-
Went whitewater rafting with my visiting-from-out-of-town mom
-
Went to Mt. Hood with the same mom
-
Went to a waterfront meeting when I got back downtown
Busy, exhausting, sun-drenched day (wait…did I mention I did all of that immediately after working a graveyard shift? ).
-Did a few hours of yardwork
-Took the kids to the lake, again
-Visited with a fellow sober friend
-Told one of my daughters that I stopped drinking 3 months ago. She was surprised. She’s 15. Part of me is happy she didn’t notice… (maybe I hid it well?). Part of me wished she had noticed a positive change in me, and could understand what caused it. Either way, with me telling her, I’ve put more pressure on myself to keep going and continue setting a good example.
Colouring - it’s been such an incredible therapy to me. I started a course week or so ago to continue to build my skills and craft. I absolutely am excited over it.
If I could walk - the gym would be my GO TO!! 100%
Loungin’. Twas roughly 101°+ today. Fluids, fluids, fluids!
Scrolling here. Continuously running out of s to give. Resting as much as possible
Scrolling, being here. I don’t feel very happy this am. I am probably gping listen to my new book more today. So far what I have listened to - was awesome.
I just found out that this dude I knew, who lived in the room I circled (that’s the view from my open door to his room), was found in a hotel room, this weekend: dead from an overdose. I had just talked to him Fri or Sat.

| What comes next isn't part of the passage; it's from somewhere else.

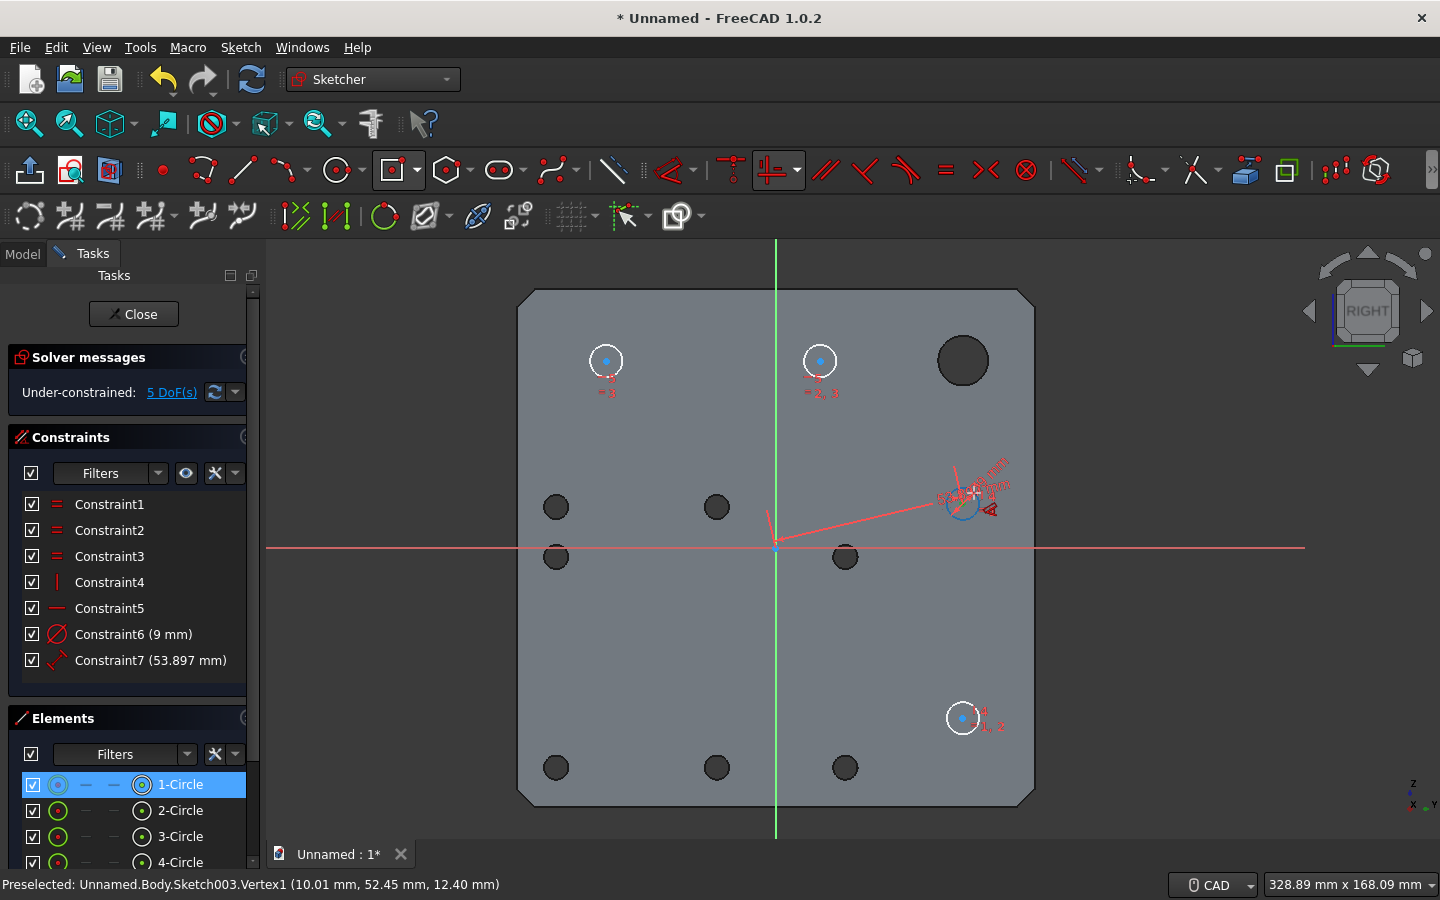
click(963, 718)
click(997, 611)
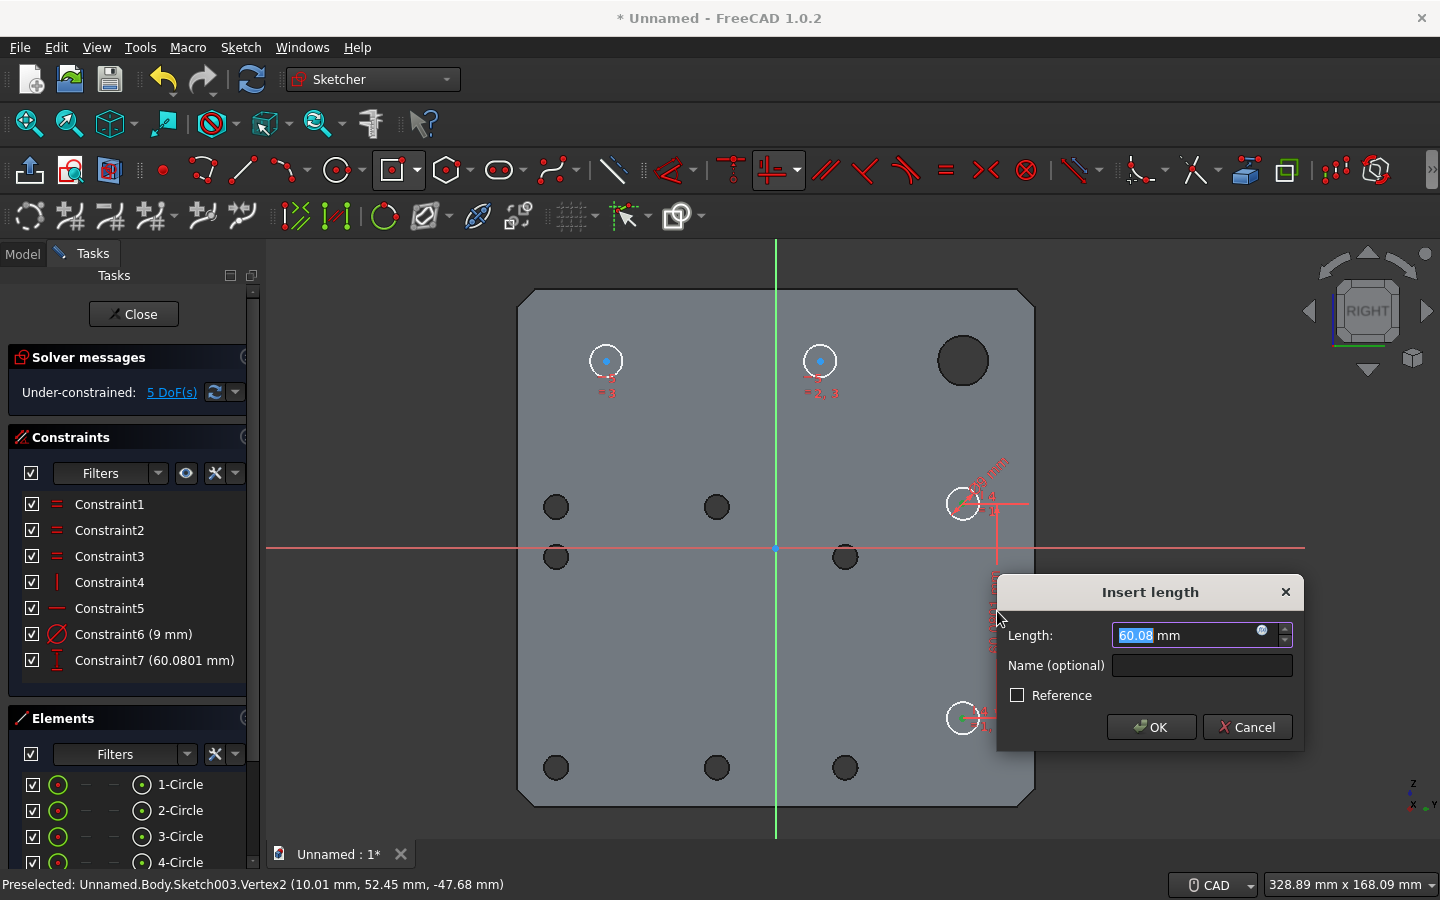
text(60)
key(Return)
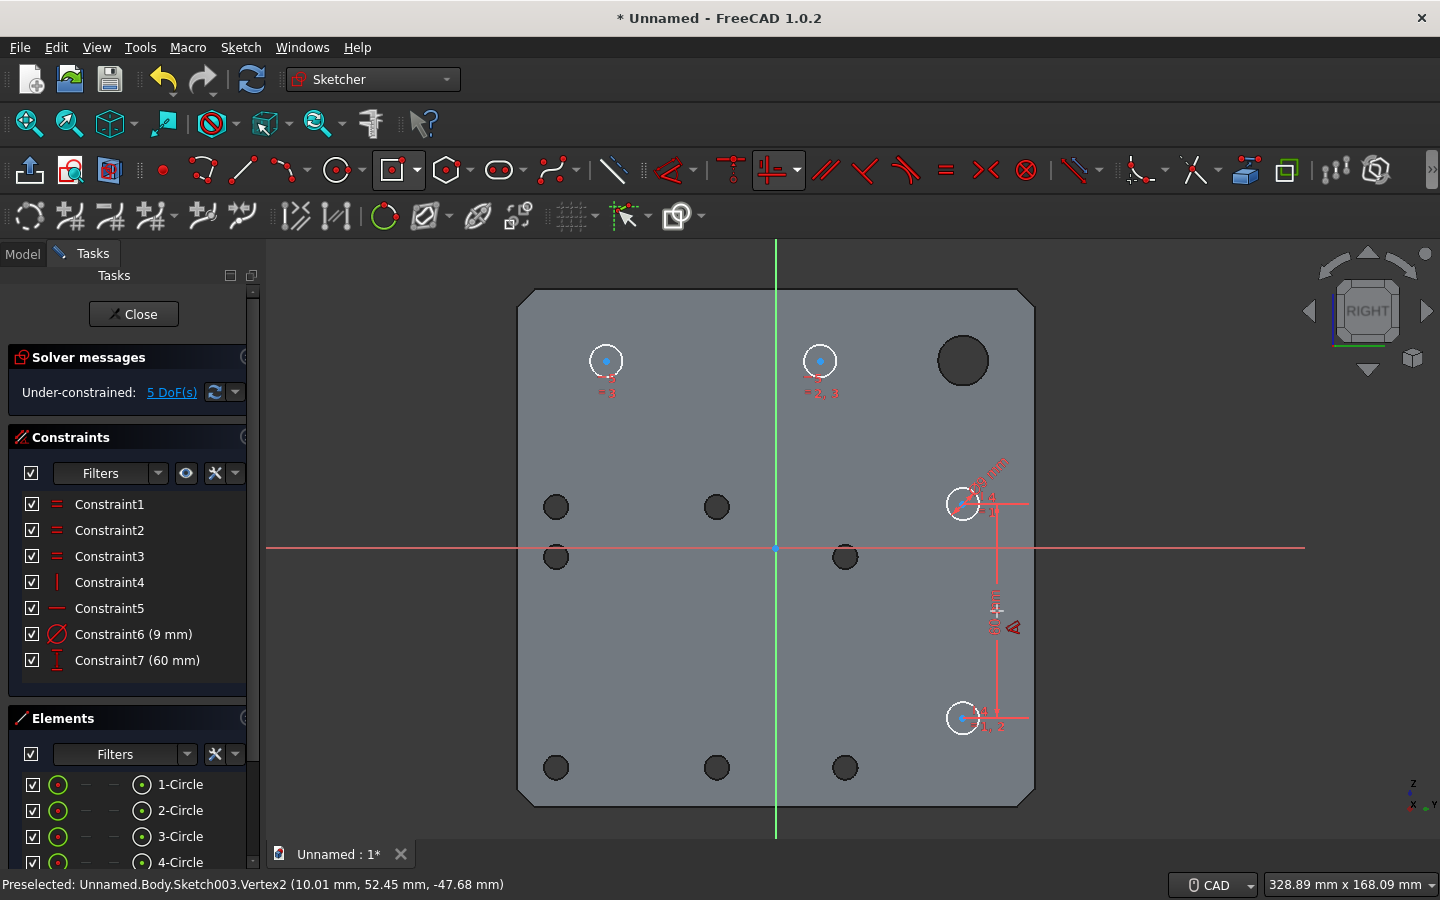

That makes 6 people I’ve known who’ve died from addiction since I’ve been in recovery. In less than a year and a half.
That said:
- I’m takin’ my behind to some meetings
- Doin’ Step work
- Learning from his passing
- Telling myself, “I love you”
- Telling others, “I love you”
- Staying in Gratitude
This disease is real (it wants to separate and KILL each one of us) and the struggle is real.
If you’re hurting or struggling, please reach out to someone.
And be kind to yourself.
Sorry for the loss that has affected you so deeply. Although alcohol my DOC I know drugs now a days are so much more deadly than 20 years ago. Take care of you my friend.
It affects me when anyone dies from addiction, whether it’s drugs or alcohol. It’s sad, especially when someone who had recovery dies. Thanks, though.
Things i want to do today for my recovery:
Go to the library and send out an application
Do some yoga / stretching
Do laundry
Clean for 30 mins
Work on my embroidery project
Cook dinner
Work until 3pm
Hours scenic drive home
Power nap
Arm day at the gym
Wind down walk along tbe coast
Catch up on a few shows,
Presumed innocent
Mayor of Kingstown
Criminal minds
Oh and plenty of food
Morning. I got up at 4am. It’s close to 5:30am now. I did some bible study. On to Psalm 9.
I am going to colour today, tomorrow I release new colouring books I have designed on my website. Super thrilled.
My daughters and I found a cool series called Snake Boss on Stack TV. Super fun to watch! Alone starts today [new series] super happy to watch it.
My daughter and I may go out training my service dog today. I don’t get out much - fatigue and post sepsis is freaking brutal.
I feel like such a burden. We have a stair lift because our apartment doesn’t have elevators. So everything has to be brought down 22 stairs. I hate that for them.
I feel shame and guilt at times for being so depended. Anyways yes we are going out today. Probably to the mall to sharpen and do some drill service dog training. Maybe get them some breakfast and enjoy spending time with each other.
- BJJ classes
- Visit my son
- My regular Thursday night meeting
☆ I am on here reading and responding.
☆ Ate a nice breakfast.
☆ Gardening.
☆ Conscious breathing throughout the day.
☆ Make a banana cream pie.
☆ Maybe a warm soak later.
☆ Maybe some yin in bed.
☆ No pressure if soak and yin don’t happen.
-
Go spread some hope to the mentees who are in the recovery program from which I graduated
-
AA meeting
-
NA or HA meeting
-
Step work
Already had a slower morning for myself after a busy week.
Working from home this afternoon after a week of intense face-to-face meetings. Less stimulation for this easily sensory overloaded human! I think I drank a lot to numb my senses and my feelings. No more.
Catching up on the week’s other paperwork (pay bills online, etc) and a bit of housework tonight, and packing to leave for an overnight camping trip. No more hungover morning scrambles!
Reading and posting here tonight, reading a chapter of Thich Nhat Hanh, and lights out earlier for the dog girl and I.
House chores.
Posting here, and trying to support some folks in their struggles.
Preparing for a job interview next Wednesday for a position that would be a considerable step up in complexity in my line of work. As well as it will confront me with people (managers and colleagues) I haven’t seen and spoken to for over ten years, from a time I fucked up my job (which could have had some bad consequences) and my own education. When I was in my worst period of addiction without realizing it. It will be something. Whatever happens it will be good for me and my recovery.
My plans for today as a day 4 have been just to get through this day. Still sober, although I have still terrible cravings.